По вашему слову память: да будут их грады построены. Роман Дальний
удочку и сеть. Хотя воспользовался только гарпуном, остальное списав до кучи по признаку назначения: первая же попытка поесть жареной рыбки навсегда отвратила меня от водоплавающего мяса – мне ещё дня четыре кряду казалось, что мелкие кости позастревали у меня везде, где только возможно. Не вышло из меня рыбака.
А потому, когда ваши предки бездумно подъели мегафауну, им не только самим лишний раз перекусить не удавалось, но и ими стали закусывать чаще. Ну а все вместе мы постепенно стали смещаться на юг, в более плодородные земли, где изобилие растительной пищи компенсировало усиливавшийся дефицит животной. Я тоже, на людей глядя, пробовал жевать вершки и корешки, но в должной мере не проникся. Особенно раздражал меня выхлоп, заметно бивший по моему обострённому обонянию. Иногда даже спать приходилось прям вот головой к ветру или лёгкому сквозняку, чтобы глаза не слезились от накатывающих последствий растительной диеты. С вегетарианством тоже не заладилось.
А в общем и целом если, то во время нашей едва заметной миграции, я просто жил, наблюдал и осваивал новое. Наблюдать оказалось просто по факту того, что мой циркадный ритм не совпадал с людским. Засыпал я глубоко за полночь, а вставал сильно после рассвета. И до появления в стойбищах собак я мог не только издали наблюдать быт моих подопечных при свете факелов, но и прокрадываться непосредственно к ним в гости, неслышной тенью двигаясь среди спящих. Вот только чем больше проходило времени, тем нового становилось меньше, а просто жизни – всё больше.

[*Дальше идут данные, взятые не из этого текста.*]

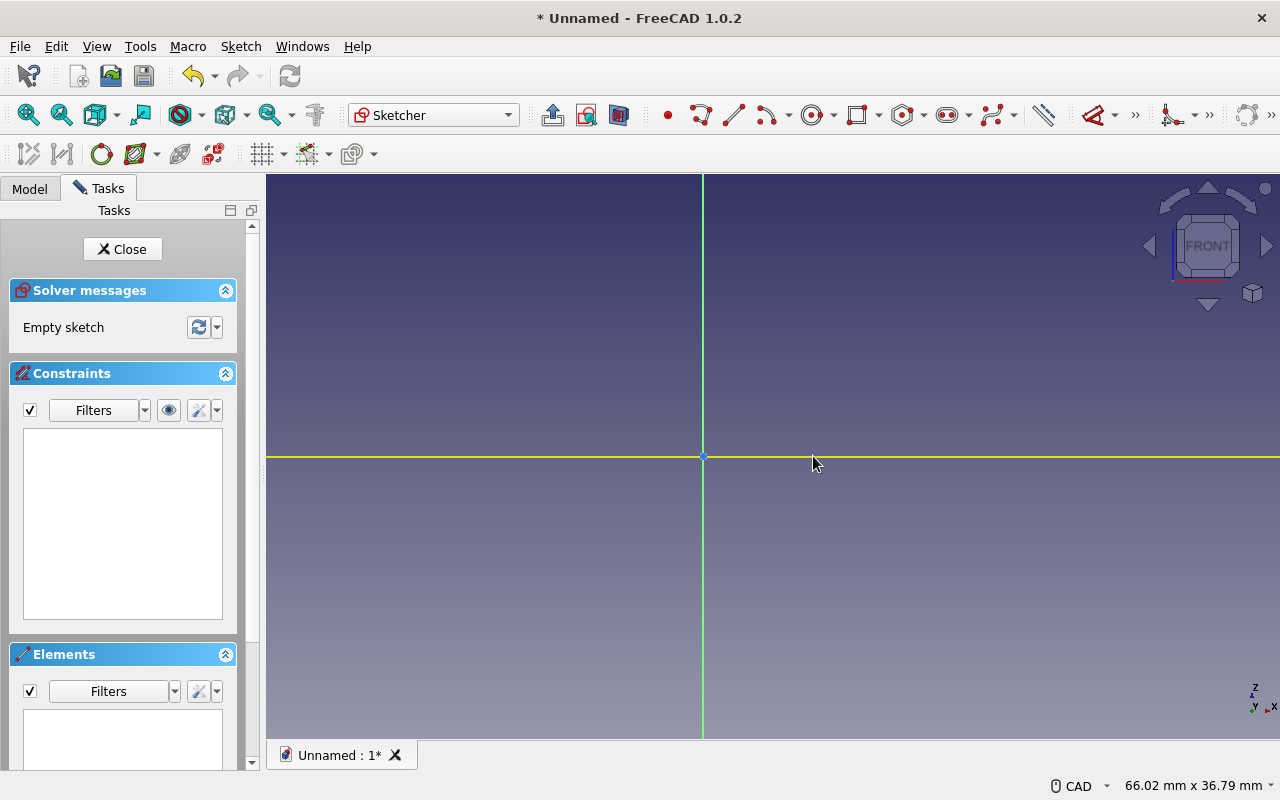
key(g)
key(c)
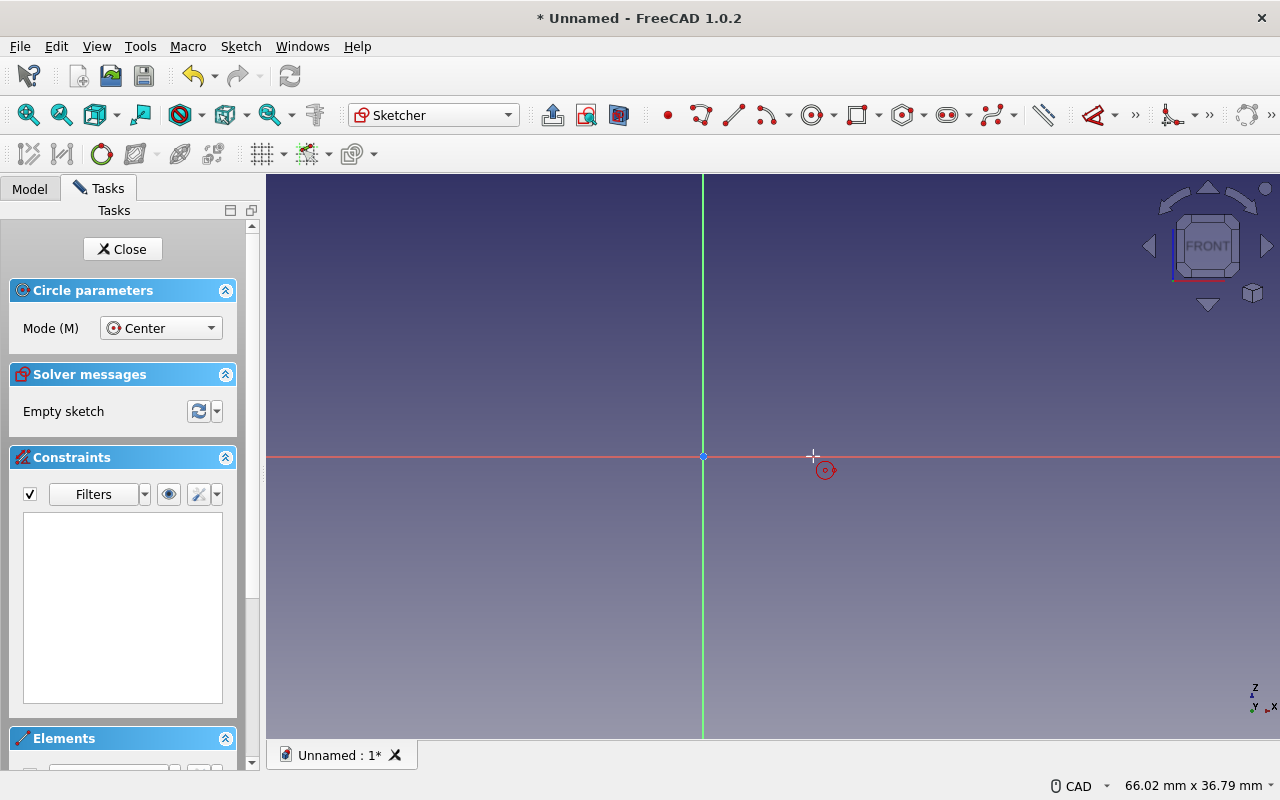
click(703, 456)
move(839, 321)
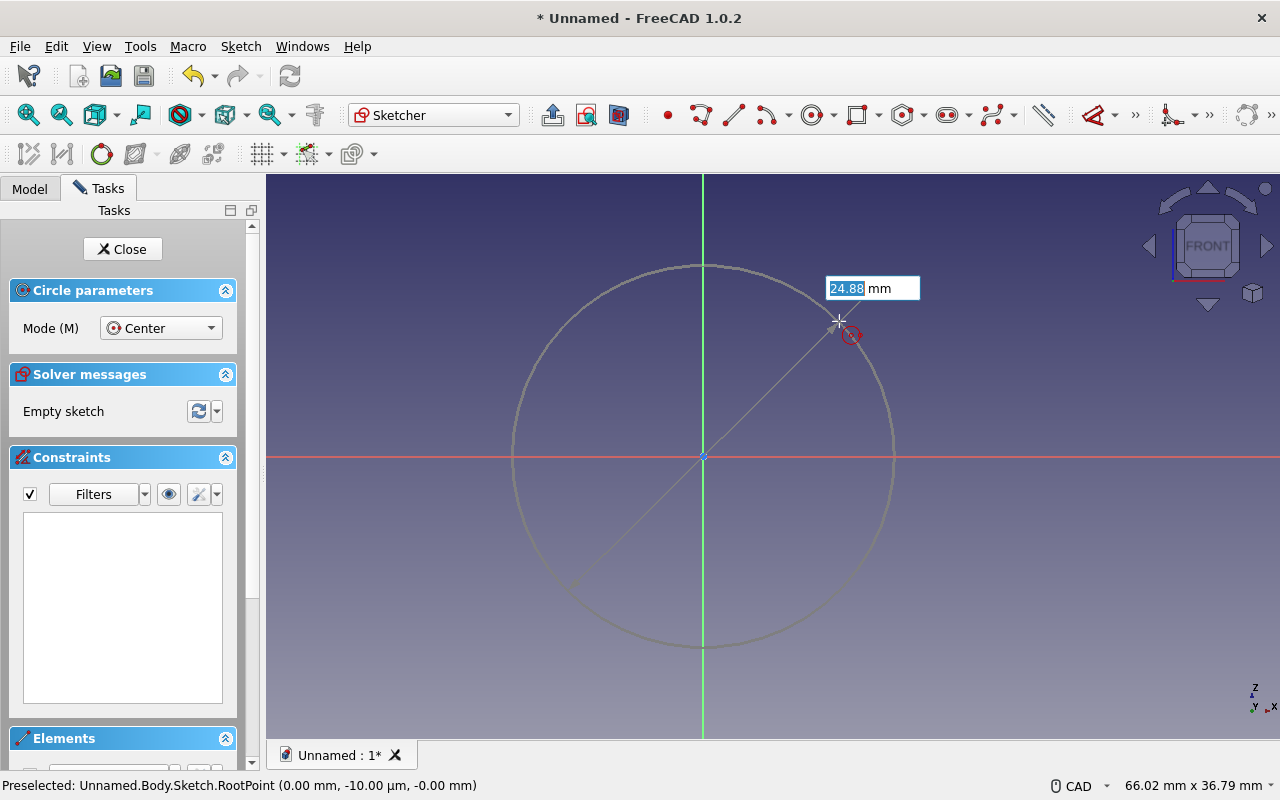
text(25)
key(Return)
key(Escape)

Последнее, что я хорошо помню из того периода, как ко мне пришёл старый уже и ослабевший кошак. Я не просто удивился, увидев его в таком состоянии, а даже пришёл в некоторое замешательство, впервые воочию увидев безжалостность времени на близком мне примере. Допрежь такого попросту не существовало в моей картине мира. Нет, смерть от естественных причин я уже видел, видел и похоронные ритуалы. Но люди рядом со мной не успевали меняться настолько очевидно, чтобы заставить меня задуматься именно о течении времени. А в отражениях на водных гладях я видел всё то же самое неизменное лицо.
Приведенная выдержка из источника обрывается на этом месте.